• **YOUR OBJECTIVE**
Only the lines of the data below from the one with "Page size: 1275x1650." through the one with "text No me ha parecido que [187, 953, 622, 993]" are wanted. Repeat them exactly.

━━━━━ GIVEN ENTRIES ━━━━━

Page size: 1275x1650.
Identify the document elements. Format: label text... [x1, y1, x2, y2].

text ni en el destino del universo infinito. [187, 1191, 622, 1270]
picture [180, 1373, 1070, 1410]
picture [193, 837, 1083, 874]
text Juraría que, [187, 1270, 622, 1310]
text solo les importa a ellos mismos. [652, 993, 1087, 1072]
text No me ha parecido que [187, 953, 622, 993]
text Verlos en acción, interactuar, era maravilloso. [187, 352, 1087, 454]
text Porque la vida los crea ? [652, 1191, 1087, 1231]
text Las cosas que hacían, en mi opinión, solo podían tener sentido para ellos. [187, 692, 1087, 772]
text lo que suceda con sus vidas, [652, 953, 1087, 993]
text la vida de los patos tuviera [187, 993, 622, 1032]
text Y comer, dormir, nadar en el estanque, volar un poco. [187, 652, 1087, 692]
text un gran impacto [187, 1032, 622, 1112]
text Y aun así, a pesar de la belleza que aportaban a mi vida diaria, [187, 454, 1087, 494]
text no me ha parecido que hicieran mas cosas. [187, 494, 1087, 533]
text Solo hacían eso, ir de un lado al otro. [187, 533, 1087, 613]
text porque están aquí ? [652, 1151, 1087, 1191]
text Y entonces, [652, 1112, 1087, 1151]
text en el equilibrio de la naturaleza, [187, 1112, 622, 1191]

━━━━━
━━━━━ GIVEN ENTRIES ━━━━━

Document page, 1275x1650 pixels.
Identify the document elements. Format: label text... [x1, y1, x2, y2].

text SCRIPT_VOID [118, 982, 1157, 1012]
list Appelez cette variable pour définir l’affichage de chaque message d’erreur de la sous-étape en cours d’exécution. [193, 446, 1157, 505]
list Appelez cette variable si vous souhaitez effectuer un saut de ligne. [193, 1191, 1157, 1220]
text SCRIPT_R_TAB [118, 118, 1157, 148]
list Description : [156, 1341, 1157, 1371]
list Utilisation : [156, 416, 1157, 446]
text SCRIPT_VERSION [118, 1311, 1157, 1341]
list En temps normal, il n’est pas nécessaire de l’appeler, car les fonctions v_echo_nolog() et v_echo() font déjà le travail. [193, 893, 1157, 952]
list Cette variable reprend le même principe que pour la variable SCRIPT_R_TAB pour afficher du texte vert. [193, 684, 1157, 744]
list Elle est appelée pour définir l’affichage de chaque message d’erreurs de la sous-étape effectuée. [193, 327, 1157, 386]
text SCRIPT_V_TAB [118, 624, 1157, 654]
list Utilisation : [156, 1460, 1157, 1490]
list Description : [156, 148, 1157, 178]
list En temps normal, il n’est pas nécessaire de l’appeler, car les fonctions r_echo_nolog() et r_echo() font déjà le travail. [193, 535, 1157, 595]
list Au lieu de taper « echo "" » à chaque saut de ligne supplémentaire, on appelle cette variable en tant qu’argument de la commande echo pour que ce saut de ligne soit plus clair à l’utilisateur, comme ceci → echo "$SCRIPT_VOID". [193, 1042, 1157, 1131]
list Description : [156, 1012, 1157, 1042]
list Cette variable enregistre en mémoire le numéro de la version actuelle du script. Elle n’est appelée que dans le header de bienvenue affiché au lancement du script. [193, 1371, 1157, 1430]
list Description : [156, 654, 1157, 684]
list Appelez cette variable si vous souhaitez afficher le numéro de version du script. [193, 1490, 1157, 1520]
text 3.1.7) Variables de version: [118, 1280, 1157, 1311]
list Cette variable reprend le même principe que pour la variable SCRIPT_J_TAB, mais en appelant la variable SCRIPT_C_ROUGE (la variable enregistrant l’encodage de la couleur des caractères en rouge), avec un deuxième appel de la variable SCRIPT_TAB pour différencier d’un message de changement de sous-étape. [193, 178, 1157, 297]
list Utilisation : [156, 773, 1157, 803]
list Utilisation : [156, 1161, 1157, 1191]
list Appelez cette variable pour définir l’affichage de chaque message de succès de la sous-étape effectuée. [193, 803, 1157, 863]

━━━━━

• **ANSWER BELOW**
Page size: 1275x1650.
Identify the document elements. Format: label text... [x1, y1, x2, y2].

text ni en el destino del universo infinito. [187, 1191, 622, 1270]
picture [180, 1373, 1070, 1410]
picture [193, 837, 1083, 874]
text Juraría que, [187, 1270, 622, 1310]
text solo les importa a ellos mismos. [652, 993, 1087, 1072]
text No me ha parecido que [187, 953, 622, 993]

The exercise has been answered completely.